Возможна, впрочем, иная, более прикладная трактовка менеджмента.
Скажем, художник Сыч продолжал с неумолимой регулярностью устраивать перформансы с хорьком, то есть публично насиловать животное. Но самый акт насилия над животным значил бы крайне мало без его интерпретации, толкования, без того, чтобы кто-то занимался организацией представлений, общением с прессой и т.п. Роза Кранц сумела употребить свое влияние и внедрить творчество Сыча в культурную жизнь столицы. Акт совершался теперь на сцене Политехнического музея, там, где некогда читал стихи молодой Маяковский, и представление неизменно собирало полный зал. Билеты продавались в театральных кассах по цене хорошей оперы в Большом, а перекупщики перед началом представления требовали аж тройную цену. Словом, дела шли, и недурно, надо сказать, шли.
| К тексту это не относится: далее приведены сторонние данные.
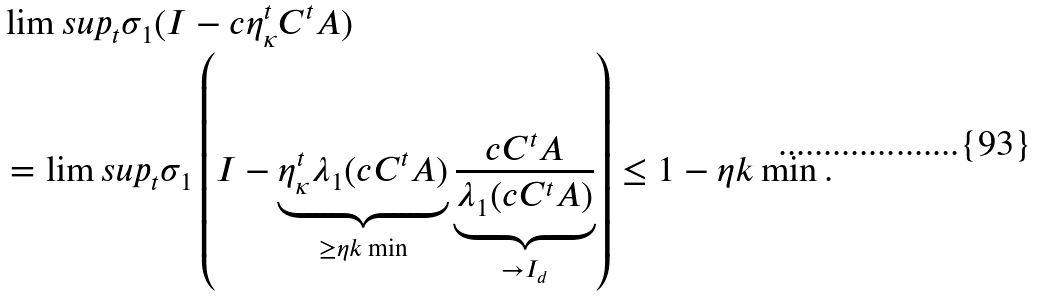<formula> <loc_0><loc_0><loc_500><loc_500>& \lim s u p _ { t } \sigma _ { 1 } ( I - c \eta _ { \kappa } ^ { t } C ^ { t } A ) \\ & = \lim s u p _ { t } \sigma _ { 1 } \left ( I - \underbrace { \eta _ { \kappa } ^ { t } \lambda _ { 1 } ( c C ^ { t } A ) } _ { \geq \eta k \min } \underbrace { \frac { c C ^ { t } A } { \lambda _ { 1 } ( c C ^ { t } A ) } } _ { \to I _ { d } } \right ) \leq 1 - \eta k \min .</formula> 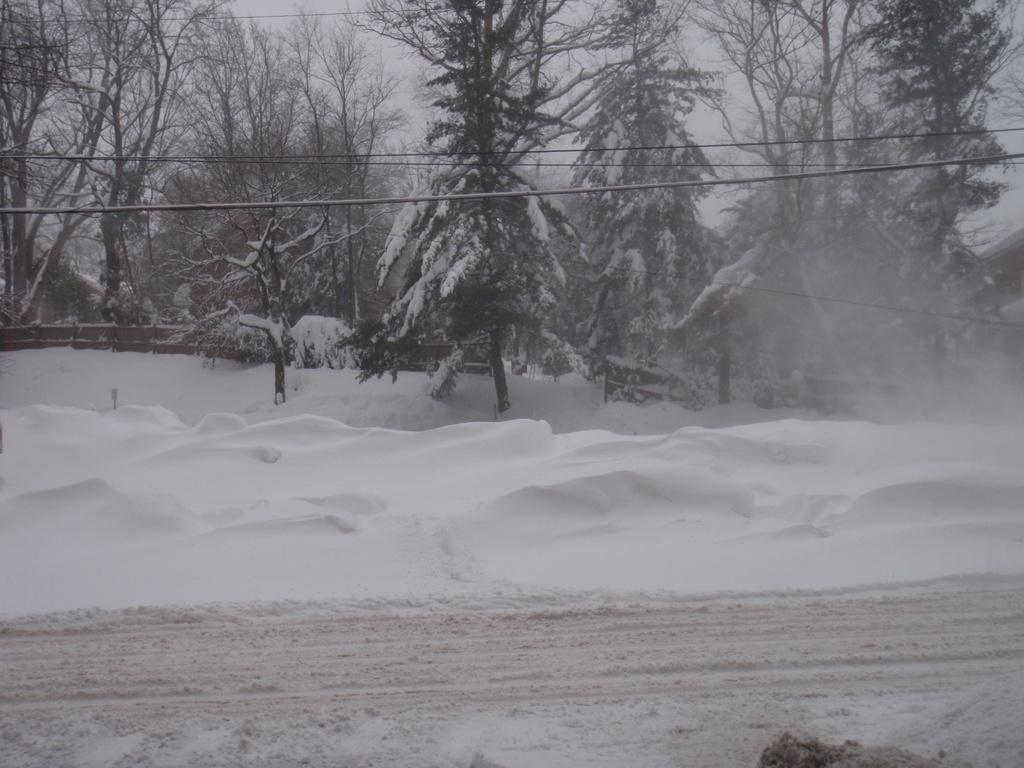What type of natural vegetation can be seen in the image? There are trees in the image. What type of infrastructure is present in the image? Cables and a fence are present in the image. What is the condition of the ground in the image? Some objects are covered by snow, and there is snow at the bottom of the image. What type of man-made path is visible in the image? There is a road in the image. What color is the silver chalk used to draw on the trees in the image? There is no silver chalk or drawing on the trees in the image; it only features trees, cables, a fence, snow, and a road. 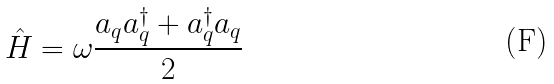Convert formula to latex. <formula><loc_0><loc_0><loc_500><loc_500>\hat { H } = \omega \frac { a _ { q } a _ { q } ^ { \dag } + a _ { q } ^ { \dag } a _ { q } } { 2 }</formula> 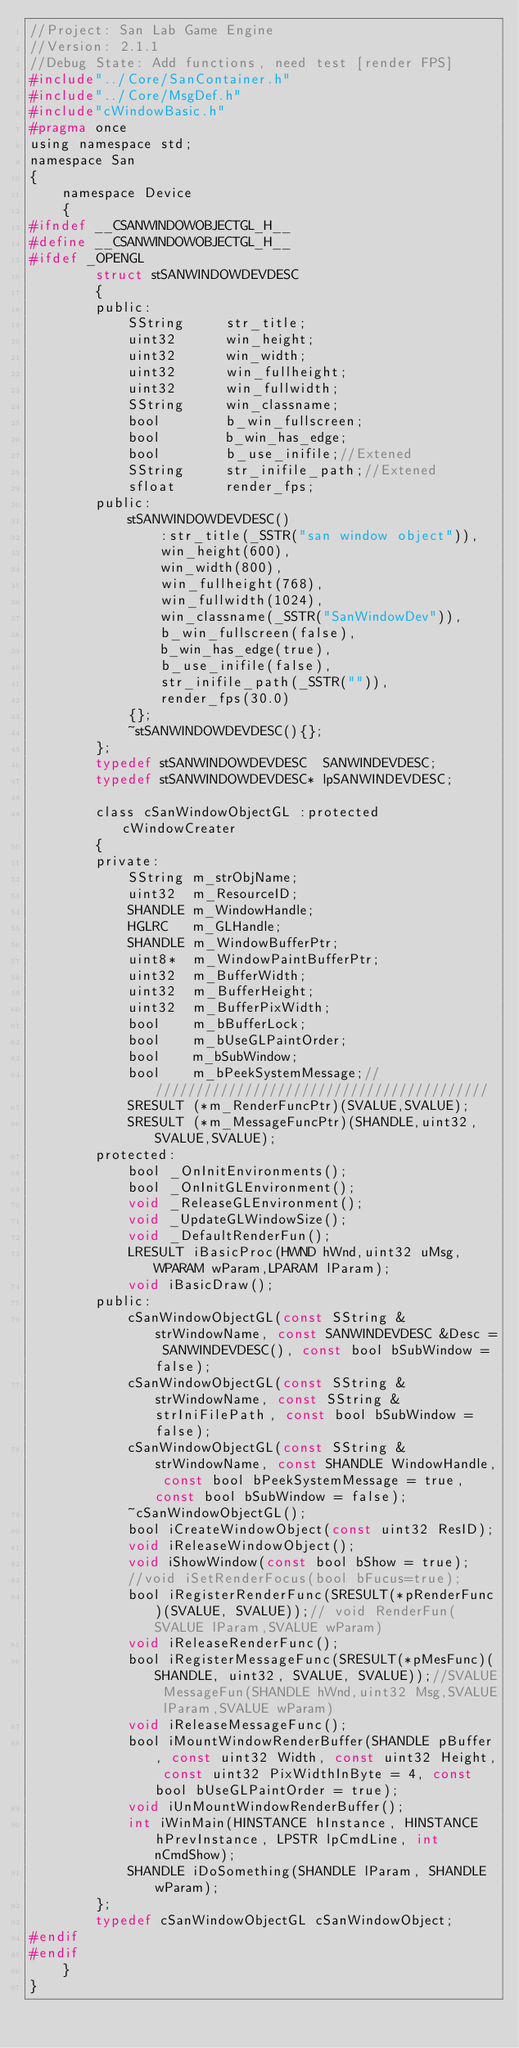<code> <loc_0><loc_0><loc_500><loc_500><_C_>//Project: San Lab Game Engine
//Version: 2.1.1
//Debug State: Add functions, need test [render FPS]
#include"../Core/SanContainer.h"
#include"../Core/MsgDef.h"
#include"cWindowBasic.h"
#pragma once
using namespace std;
namespace San
{
	namespace Device
	{
#ifndef __CSANWINDOWOBJECTGL_H__
#define __CSANWINDOWOBJECTGL_H__
#ifdef _OPENGL
		struct stSANWINDOWDEVDESC
		{
		public:
			SString		str_title;
			uint32		win_height;
			uint32		win_width;
			uint32		win_fullheight;
			uint32		win_fullwidth;
			SString		win_classname;
			bool		b_win_fullscreen;
			bool		b_win_has_edge;
			bool		b_use_inifile;//Extened
			SString		str_inifile_path;//Extened
			sfloat		render_fps;
		public:
			stSANWINDOWDEVDESC()
				:str_title(_SSTR("san window object")),
				win_height(600),
				win_width(800),
				win_fullheight(768),
				win_fullwidth(1024),
				win_classname(_SSTR("SanWindowDev")),
				b_win_fullscreen(false),
				b_win_has_edge(true),
				b_use_inifile(false),
				str_inifile_path(_SSTR("")),
				render_fps(30.0)
			{};
			~stSANWINDOWDEVDESC(){};
		};
		typedef stSANWINDOWDEVDESC	SANWINDEVDESC;
		typedef stSANWINDOWDEVDESC*	lpSANWINDEVDESC;

		class cSanWindowObjectGL :protected cWindowCreater
		{
		private:
			SString m_strObjName;
			uint32	m_ResourceID;
			SHANDLE m_WindowHandle;
			HGLRC	m_GLHandle;
			SHANDLE m_WindowBufferPtr;
			uint8*	m_WindowPaintBufferPtr;
			uint32	m_BufferWidth;
			uint32	m_BufferHeight;
			uint32	m_BufferPixWidth;
			bool	m_bBufferLock;
			bool	m_bUseGLPaintOrder;
			bool	m_bSubWindow;
			bool	m_bPeekSystemMessage;///////////////////////////////////////////
			SRESULT	(*m_RenderFuncPtr)(SVALUE,SVALUE);
			SRESULT	(*m_MessageFuncPtr)(SHANDLE,uint32,SVALUE,SVALUE);
		protected:
			bool _OnInitEnvironments();
			bool _OnInitGLEnvironment();
			void _ReleaseGLEnvironment();
			void _UpdateGLWindowSize();
			void _DefaultRenderFun();
			LRESULT iBasicProc(HWND hWnd,uint32 uMsg,WPARAM wParam,LPARAM lParam);
			void iBasicDraw();
		public:
			cSanWindowObjectGL(const SString &strWindowName, const SANWINDEVDESC &Desc = SANWINDEVDESC(), const bool bSubWindow = false);
			cSanWindowObjectGL(const SString &strWindowName, const SString &strIniFilePath, const bool bSubWindow = false);
			cSanWindowObjectGL(const SString &strWindowName, const SHANDLE WindowHandle, const bool bPeekSystemMessage = true, const bool bSubWindow = false);
			~cSanWindowObjectGL();
			bool iCreateWindowObject(const uint32 ResID);
			void iReleaseWindowObject();
			void iShowWindow(const bool bShow = true);
			//void iSetRenderFocus(bool bFucus=true);
			bool iRegisterRenderFunc(SRESULT(*pRenderFunc)(SVALUE, SVALUE));// void RenderFun(SVALUE lParam,SVALUE wParam)
			void iReleaseRenderFunc();
			bool iRegisterMessageFunc(SRESULT(*pMesFunc)(SHANDLE, uint32, SVALUE, SVALUE));//SVALUE MessageFun(SHANDLE hWnd,uint32 Msg,SVALUE lParam,SVALUE wParam)
			void iReleaseMessageFunc();
			bool iMountWindowRenderBuffer(SHANDLE pBuffer, const uint32 Width, const uint32 Height, const uint32 PixWidthInByte = 4, const bool bUseGLPaintOrder = true);
			void iUnMountWindowRenderBuffer();
			int iWinMain(HINSTANCE hInstance, HINSTANCE hPrevInstance, LPSTR lpCmdLine, int nCmdShow);
			SHANDLE iDoSomething(SHANDLE lParam, SHANDLE wParam);
		};
		typedef cSanWindowObjectGL cSanWindowObject;
#endif
#endif
	}
}</code>

Удручало одно: постепенно хорек привык к регулярному насилию и даже, судя по некоторым признакам, стал получать удовольствие. Во всяком случае, он, не дожидаясь приказа, сам охотно нырял в сапог, выставив заднюю часть туловища напоказ артисту, и даже призывно вилял задом. Это бы не беда, и, в конце концов, согласие хорька лишь облегчало представление, но распутный зверь перестал выть и царапаться в сапоге и лишь удовлетворенно урчал. Проведя перформанс с таким похотливо похрюкивающим животным, Сыч не мог не отметить, что вместо бурного романтического насилия над природой у него вышел акт обыкновенного скотоложества, да еще с какой-то малосимпатичной тварью. В довершение всего удовлетворенный хорек выскользнул после акта из сапога и лениво улегся у ног художника, вылизывая ему пятки. Яша Шайзенштейн в резкой статье, помещенной в его всегдашней колонке «Ум за разум», буквально разгромил перформанс и даже употребил два раза слово «буржуазность». Сыч, после некоторых раздумий, нашел выход и стал совокупляться с хорьком под фонограмму - при начале акта ассистент включал за сценой запись дикого звериного воя, что придавало представлению драматизма. Критика была положительной, и перформанс доказал свою жизнеспособность.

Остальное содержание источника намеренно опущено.